(Saved data entries)
◇ ◇ ◇ ◇ ◇

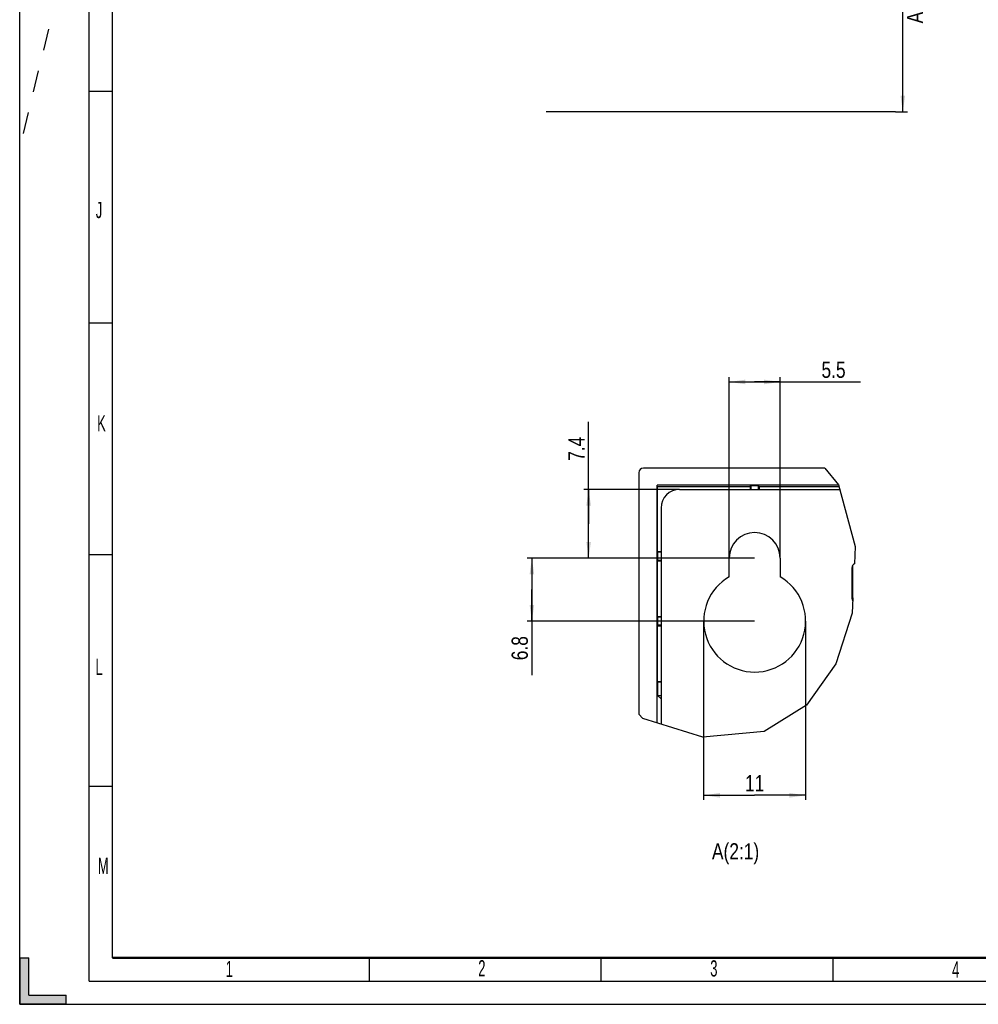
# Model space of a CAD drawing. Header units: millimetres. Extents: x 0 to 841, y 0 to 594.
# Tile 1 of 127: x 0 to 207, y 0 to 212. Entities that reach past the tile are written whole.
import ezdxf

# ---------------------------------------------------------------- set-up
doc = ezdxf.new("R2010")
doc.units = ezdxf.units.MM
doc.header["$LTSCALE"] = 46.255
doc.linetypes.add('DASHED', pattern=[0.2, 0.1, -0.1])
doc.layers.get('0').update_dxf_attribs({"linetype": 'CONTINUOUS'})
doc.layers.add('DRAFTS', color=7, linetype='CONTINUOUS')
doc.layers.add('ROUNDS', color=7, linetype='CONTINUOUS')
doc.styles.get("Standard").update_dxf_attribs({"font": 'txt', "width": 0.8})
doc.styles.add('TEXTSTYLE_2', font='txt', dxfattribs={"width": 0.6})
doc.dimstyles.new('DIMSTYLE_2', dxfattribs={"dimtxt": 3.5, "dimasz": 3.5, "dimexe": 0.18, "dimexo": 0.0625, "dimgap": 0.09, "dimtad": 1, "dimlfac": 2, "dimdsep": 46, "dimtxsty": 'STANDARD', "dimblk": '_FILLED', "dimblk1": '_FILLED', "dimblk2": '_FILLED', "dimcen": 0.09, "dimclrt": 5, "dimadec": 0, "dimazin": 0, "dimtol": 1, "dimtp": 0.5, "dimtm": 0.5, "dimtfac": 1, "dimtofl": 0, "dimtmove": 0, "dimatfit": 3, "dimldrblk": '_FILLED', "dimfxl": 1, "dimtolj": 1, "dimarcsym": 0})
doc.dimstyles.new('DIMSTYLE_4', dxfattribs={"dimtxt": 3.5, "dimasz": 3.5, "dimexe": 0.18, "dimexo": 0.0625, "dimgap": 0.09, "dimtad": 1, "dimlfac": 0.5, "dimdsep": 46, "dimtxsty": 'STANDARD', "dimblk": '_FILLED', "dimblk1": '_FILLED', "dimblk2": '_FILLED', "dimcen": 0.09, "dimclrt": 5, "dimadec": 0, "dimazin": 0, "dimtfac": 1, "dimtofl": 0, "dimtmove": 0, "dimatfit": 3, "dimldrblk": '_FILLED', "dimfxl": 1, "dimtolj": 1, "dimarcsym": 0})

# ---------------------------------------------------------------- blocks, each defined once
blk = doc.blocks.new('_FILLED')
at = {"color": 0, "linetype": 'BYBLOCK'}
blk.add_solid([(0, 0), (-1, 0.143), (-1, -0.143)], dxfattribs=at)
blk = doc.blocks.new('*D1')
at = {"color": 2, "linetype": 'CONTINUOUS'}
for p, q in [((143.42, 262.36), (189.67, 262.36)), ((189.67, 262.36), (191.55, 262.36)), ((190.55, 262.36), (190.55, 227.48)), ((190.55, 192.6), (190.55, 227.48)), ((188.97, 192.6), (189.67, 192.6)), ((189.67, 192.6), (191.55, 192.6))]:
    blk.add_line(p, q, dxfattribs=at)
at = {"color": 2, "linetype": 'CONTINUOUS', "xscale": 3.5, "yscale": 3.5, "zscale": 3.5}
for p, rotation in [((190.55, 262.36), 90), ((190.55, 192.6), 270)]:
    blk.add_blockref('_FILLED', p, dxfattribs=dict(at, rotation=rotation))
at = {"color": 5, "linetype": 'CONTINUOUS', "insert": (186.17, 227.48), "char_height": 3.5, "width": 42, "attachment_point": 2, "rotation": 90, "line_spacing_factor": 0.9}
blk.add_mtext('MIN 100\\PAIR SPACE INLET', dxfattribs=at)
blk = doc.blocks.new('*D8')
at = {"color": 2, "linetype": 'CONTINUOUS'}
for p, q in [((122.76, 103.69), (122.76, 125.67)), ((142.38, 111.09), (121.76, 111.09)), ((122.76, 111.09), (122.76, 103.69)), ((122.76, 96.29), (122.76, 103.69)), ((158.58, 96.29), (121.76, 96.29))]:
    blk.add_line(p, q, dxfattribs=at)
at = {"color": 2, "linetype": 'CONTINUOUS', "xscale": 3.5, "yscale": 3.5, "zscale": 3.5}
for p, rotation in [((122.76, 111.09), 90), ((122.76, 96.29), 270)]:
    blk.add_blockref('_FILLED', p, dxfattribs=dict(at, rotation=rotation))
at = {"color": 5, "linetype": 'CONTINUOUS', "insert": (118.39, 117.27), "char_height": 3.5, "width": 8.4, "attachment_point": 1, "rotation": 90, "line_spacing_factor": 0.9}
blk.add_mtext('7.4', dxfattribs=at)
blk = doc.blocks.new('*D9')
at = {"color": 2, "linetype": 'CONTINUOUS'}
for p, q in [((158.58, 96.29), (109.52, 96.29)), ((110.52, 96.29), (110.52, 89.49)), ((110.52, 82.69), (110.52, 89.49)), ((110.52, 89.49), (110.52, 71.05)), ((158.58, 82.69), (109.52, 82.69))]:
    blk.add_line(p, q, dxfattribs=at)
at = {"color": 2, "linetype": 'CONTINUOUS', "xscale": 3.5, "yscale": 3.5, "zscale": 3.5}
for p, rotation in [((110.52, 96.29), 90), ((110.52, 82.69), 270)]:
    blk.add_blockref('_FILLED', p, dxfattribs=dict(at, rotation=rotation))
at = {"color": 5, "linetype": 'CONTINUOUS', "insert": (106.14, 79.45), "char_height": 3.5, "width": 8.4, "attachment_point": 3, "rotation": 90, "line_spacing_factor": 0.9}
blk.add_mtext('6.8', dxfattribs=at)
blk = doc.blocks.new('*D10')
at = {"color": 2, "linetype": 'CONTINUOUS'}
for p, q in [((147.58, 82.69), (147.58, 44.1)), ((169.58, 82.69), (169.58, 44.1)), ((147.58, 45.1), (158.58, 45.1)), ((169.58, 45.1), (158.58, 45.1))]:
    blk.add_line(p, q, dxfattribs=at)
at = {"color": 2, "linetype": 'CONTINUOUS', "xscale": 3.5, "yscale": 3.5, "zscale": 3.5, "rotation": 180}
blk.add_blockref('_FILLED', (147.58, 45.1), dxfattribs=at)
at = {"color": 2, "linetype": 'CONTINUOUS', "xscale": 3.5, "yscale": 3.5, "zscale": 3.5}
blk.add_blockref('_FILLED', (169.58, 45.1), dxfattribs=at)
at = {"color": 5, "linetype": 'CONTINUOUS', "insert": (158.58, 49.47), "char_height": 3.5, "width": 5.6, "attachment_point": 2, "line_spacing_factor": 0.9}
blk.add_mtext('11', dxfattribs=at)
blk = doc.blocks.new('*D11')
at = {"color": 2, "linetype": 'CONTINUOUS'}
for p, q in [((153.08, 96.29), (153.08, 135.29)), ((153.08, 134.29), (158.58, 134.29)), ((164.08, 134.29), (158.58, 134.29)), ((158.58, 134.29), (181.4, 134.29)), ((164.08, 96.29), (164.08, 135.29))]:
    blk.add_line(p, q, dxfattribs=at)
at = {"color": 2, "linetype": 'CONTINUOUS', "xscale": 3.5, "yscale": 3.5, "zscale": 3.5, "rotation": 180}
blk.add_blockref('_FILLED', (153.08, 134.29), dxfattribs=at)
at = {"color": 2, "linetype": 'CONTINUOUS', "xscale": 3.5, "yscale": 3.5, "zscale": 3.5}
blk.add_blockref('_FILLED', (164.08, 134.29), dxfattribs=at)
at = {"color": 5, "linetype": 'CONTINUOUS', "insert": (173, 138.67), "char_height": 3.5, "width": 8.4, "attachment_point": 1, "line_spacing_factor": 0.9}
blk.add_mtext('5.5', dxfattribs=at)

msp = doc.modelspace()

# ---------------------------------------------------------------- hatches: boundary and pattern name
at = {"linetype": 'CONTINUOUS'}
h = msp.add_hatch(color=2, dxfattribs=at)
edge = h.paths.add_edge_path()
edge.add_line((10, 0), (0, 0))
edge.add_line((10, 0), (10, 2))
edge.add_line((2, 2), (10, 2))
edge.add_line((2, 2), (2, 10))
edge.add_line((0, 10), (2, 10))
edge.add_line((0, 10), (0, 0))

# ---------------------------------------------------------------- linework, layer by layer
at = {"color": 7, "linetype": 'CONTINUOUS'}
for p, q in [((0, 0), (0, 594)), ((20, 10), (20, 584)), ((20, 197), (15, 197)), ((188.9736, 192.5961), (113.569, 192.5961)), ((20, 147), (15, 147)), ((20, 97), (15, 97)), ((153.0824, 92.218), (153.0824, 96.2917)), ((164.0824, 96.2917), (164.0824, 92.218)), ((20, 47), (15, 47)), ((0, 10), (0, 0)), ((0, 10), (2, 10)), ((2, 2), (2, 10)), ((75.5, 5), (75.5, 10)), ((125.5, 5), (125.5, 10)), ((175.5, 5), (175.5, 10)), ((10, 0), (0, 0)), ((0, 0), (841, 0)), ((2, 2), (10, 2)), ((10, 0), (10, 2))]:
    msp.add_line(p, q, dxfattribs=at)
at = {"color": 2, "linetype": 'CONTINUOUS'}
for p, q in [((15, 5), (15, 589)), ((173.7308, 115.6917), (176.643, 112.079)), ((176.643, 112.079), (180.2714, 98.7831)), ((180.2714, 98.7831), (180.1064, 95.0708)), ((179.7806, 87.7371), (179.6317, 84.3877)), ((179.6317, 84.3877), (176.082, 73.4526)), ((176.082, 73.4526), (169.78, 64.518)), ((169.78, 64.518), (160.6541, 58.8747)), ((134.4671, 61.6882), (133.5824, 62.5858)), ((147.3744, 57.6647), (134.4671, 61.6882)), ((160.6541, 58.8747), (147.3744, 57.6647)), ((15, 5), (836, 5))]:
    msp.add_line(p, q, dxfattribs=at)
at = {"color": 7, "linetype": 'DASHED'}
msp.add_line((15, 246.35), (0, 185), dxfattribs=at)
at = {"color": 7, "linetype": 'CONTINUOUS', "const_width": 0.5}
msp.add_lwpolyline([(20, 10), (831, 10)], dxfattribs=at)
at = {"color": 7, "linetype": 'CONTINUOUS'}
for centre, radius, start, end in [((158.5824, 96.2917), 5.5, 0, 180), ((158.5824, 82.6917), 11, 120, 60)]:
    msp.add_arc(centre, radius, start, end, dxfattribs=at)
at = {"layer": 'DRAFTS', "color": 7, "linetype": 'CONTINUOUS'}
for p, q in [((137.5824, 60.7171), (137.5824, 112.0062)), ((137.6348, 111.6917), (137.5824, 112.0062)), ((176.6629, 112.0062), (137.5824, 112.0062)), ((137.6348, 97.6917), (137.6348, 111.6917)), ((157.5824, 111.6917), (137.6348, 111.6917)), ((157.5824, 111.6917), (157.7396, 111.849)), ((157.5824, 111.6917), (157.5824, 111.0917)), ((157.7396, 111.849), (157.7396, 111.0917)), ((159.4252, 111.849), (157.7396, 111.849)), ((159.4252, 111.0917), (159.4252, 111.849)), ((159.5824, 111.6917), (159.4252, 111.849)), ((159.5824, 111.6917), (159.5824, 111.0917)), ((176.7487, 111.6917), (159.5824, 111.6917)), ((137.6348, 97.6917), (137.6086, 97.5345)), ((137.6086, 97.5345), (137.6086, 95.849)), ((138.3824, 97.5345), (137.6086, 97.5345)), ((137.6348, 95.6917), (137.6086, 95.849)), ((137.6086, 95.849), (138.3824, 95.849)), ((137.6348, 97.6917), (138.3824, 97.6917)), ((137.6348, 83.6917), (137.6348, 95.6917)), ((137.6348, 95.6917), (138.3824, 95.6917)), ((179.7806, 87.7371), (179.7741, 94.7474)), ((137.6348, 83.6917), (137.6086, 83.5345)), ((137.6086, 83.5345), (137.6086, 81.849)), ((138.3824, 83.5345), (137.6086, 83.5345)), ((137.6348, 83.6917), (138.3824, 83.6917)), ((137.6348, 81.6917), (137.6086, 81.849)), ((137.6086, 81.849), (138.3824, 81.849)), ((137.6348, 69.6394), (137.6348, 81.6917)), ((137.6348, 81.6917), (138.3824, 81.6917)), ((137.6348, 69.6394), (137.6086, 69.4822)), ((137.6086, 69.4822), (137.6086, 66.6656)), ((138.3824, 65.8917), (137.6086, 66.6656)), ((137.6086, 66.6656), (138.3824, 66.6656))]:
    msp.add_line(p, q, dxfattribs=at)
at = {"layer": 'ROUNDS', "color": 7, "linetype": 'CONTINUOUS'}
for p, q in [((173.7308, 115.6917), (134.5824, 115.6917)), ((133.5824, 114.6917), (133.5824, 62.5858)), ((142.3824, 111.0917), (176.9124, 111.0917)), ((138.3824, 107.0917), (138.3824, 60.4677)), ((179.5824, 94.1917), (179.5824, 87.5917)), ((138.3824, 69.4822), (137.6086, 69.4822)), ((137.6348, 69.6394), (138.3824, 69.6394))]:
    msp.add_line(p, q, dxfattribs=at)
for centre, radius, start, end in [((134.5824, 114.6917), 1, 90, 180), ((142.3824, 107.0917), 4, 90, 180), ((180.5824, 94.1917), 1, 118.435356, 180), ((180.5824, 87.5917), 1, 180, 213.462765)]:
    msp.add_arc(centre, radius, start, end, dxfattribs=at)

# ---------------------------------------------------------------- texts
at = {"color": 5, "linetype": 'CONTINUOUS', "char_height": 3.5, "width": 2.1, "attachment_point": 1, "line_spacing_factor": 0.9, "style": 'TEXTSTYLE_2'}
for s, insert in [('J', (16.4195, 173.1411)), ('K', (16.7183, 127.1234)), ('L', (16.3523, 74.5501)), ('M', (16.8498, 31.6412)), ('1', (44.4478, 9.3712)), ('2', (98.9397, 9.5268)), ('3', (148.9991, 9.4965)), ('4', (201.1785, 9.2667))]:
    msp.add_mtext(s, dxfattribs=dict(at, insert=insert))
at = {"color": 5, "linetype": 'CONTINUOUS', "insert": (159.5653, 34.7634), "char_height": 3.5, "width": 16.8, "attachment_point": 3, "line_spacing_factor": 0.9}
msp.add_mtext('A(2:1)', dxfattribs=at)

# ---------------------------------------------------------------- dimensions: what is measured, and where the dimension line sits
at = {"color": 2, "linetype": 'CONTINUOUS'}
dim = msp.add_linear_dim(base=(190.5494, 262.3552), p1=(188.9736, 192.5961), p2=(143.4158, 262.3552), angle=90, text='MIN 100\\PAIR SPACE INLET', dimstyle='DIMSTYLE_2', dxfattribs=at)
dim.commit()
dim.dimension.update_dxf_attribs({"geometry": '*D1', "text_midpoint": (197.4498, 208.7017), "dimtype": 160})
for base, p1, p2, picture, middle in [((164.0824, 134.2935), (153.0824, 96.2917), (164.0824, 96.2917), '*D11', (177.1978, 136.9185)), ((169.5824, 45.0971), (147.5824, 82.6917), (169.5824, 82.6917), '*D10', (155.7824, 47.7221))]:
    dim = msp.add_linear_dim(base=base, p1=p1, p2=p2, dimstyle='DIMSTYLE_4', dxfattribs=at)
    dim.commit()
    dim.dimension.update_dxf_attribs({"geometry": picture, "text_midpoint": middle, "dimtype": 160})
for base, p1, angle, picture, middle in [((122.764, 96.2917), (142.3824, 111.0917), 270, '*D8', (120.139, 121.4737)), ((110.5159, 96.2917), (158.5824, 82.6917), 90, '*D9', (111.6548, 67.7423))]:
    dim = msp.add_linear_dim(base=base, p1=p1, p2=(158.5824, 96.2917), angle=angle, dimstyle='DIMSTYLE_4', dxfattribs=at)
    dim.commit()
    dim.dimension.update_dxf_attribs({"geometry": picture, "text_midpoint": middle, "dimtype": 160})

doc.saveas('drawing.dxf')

◇ ◇ ◇ ◇ ◇

TASK INSTRUCTIONS
Each line above with the string "angle" in it should be located and copied.

SOLUTION TO THE EXERCISE
dim = msp.add_linear_dim(base=(190.5494, 262.3552), p1=(188.9736, 192.5961), p2=(143.4158, 262.3552), angle=90, text='MIN 100\\PAIR SPACE INLET', dimstyle='DIMSTYLE_2', dxfattribs=at)
for base, p1, angle, picture, middle in [((122.764, 96.2917), (142.3824, 111.0917), 270, '*D8', (120.139, 121.4737)), ((110.5159, 96.2917), (158.5824, 82.6917), 90, '*D9', (111.6548, 67.7423))]:
    dim = msp.add_linear_dim(base=base, p1=p1, p2=(158.5824, 96.2917), angle=angle, dimstyle='DIMSTYLE_4', dxfattribs=at)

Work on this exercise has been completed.